Elezioni Regionali: Liguria del 27-28 ottobre 2024

Dal sito eligendo... https://elezioni.interno.gov.it/risultati/20241027/regionali/scrutini/italia/07

import os
import requests
import json
import folium
import numpy as np
import matplotlib.pyplot as plt
import seaborn as sns
import geopandas as gpd
import pandas as pd
from datetime import datetime
from sklearn.decomposition import PCA
from sklearn.cluster import KMeans
from sklearn.preprocessing import StandardScaler

# from itables import init_notebook_mode, show
# init_notebook_mode(all_interactive=True)

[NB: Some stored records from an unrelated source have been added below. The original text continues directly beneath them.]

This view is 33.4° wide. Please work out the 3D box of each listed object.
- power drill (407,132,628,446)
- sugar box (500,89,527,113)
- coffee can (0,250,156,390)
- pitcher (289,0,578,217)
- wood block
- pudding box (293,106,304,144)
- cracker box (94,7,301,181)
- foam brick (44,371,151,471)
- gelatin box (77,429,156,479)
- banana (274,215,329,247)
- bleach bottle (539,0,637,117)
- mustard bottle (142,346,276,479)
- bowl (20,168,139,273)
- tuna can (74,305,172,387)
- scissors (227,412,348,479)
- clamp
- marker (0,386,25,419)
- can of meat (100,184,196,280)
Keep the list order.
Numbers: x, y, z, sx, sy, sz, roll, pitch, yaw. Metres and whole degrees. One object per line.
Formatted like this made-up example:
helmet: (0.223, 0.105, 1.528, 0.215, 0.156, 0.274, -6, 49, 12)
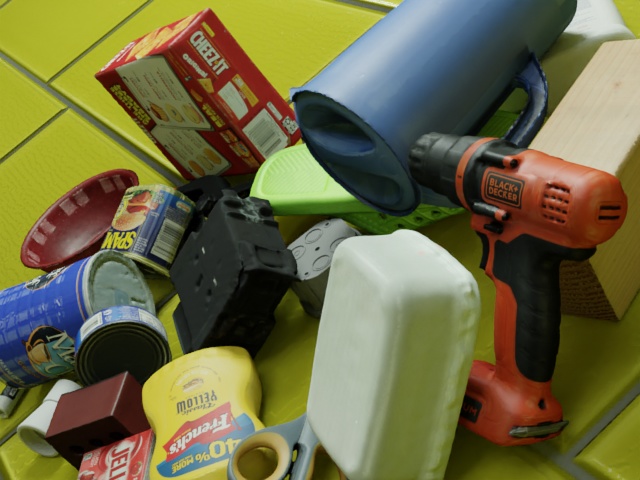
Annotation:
power drill: (0.111, 0.027, 0.706, 0.057, 0.188, 0.185, -3, 16, -31)
sugar box: (0.155, -0.177, 1.059, 0.093, 0.048, 0.176, -23, 37, 20)
coffee can: (-0.246, 0.079, 1.040, 0.140, 0.102, 0.102, -20, 35, 24)
pitcher: (0.108, -0.139, 0.870, 0.242, 0.149, 0.145, -46, 15, -17)
wood block: (0.214, -0.050, 0.789, 0.090, 0.090, 0.206, 7, 51, 48)
pudding box: (0.022, -0.133, 1.129, 0.090, 0.039, 0.113, -29, 32, 10)
cracker box: (-0.131, -0.149, 1.141, 0.072, 0.164, 0.214, -48, 23, -21)
foam brick: (-0.188, 0.159, 0.928, 0.078, 0.053, 0.051, -22, 34, 23)
gelatin box: (-0.165, 0.203, 0.867, 0.073, 0.030, 0.089, -23, 34, 20)
banana: (-0.024, 0.000, 1.004, 0.070, 0.037, 0.197, 14, 56, 30)
bleach bottle: (0.238, -0.213, 1.013, 0.103, 0.068, 0.250, -22, 32, 21)
mustard bottle: (-0.083, 0.163, 0.816, 0.096, 0.058, 0.192, -19, 33, -1)
bowl: (-0.259, -0.008, 1.213, 0.162, 0.055, 0.162, -24, 33, 17)
tuna can: (-0.178, 0.102, 0.962, 0.086, 0.086, 0.034, -33, 30, 4)
scissors: (-0.018, 0.129, 0.800, 0.096, 0.016, 0.201, 8, 38, -6)
clamp: (-0.116, -0.020, 1.112, 0.172, 0.039, 0.120, 6, 55, 55)
marker: (-0.300, 0.131, 1.102, 0.020, 0.020, 0.121, -10, 39, 34)
can of meat: (-0.179, -0.009, 1.106, 0.102, 0.057, 0.084, 0, 64, 55)
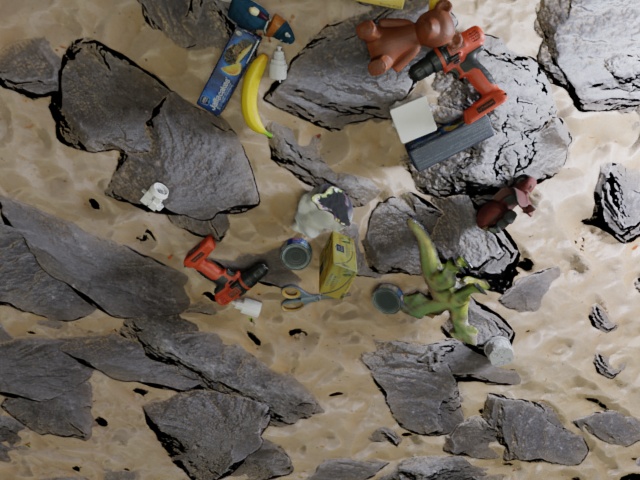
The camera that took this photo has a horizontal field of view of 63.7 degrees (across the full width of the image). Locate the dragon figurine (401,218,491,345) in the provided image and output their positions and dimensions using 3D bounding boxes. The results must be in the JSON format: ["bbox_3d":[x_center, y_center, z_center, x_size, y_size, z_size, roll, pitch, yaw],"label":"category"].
[{"bbox_3d":[0.308,0.135,1.408,0.408,0.124,0.239,43,118,-9],"label":"dragon figurine"}]

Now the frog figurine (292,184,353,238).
[{"bbox_3d":[0.004,-0.066,1.317,0.137,0.125,0.157,22,151,-20],"label":"frog figurine"}]

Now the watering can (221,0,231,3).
[{"bbox_3d":[-0.195,-0.639,0.999,0.224,0.106,0.340,-16,135,9],"label":"watering can"}]
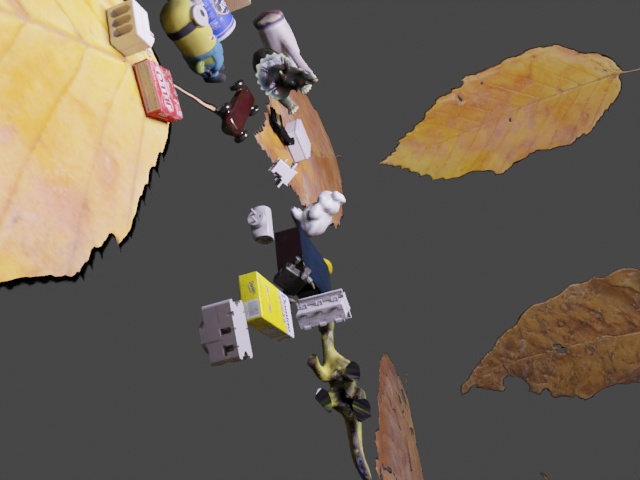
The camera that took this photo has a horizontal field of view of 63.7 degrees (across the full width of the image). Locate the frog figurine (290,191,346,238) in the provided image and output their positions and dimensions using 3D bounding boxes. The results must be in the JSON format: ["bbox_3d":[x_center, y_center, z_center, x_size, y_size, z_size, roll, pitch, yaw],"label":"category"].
[{"bbox_3d":[0.005,-0.076,1.503,0.136,0.159,0.124,44,33,-68],"label":"frog figurine"}]

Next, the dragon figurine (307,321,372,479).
[{"bbox_3d":[0.062,0.377,1.306,0.242,0.122,0.413,44,32,-82],"label":"dragon figurine"}]

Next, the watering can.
[{"bbox_3d":[-0.121,-0.655,1.724,0.220,0.104,0.353,62,-8,-32],"label":"watering can"}]
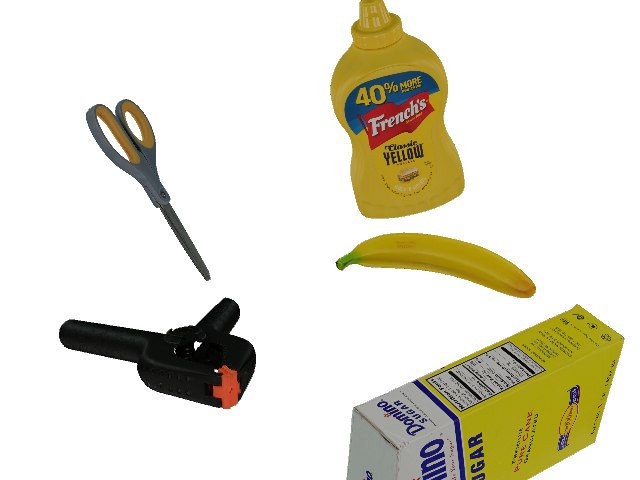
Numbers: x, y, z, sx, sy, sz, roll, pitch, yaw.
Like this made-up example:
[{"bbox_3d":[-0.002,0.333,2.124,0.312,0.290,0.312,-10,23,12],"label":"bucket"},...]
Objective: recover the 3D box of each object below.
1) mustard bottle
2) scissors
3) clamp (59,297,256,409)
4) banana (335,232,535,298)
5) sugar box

elezioni_path =  os.path.join(os.path.expanduser('~'),'ILAB_DATA','LIGURIA_2024')

headers = {
    'User-Agent': 'Mozilla/5.0 (Windows NT 10.0; Win64; x64; rv:126.0) Gecko/20100101 Firefox/126.0',
    'Accept': 'application/json, text/javascript, */*; q=0.01',
    'Referer': 'https://elezioni.interno.gov.it/'
}

Reperimento informazioni territoriali (comuni della regione)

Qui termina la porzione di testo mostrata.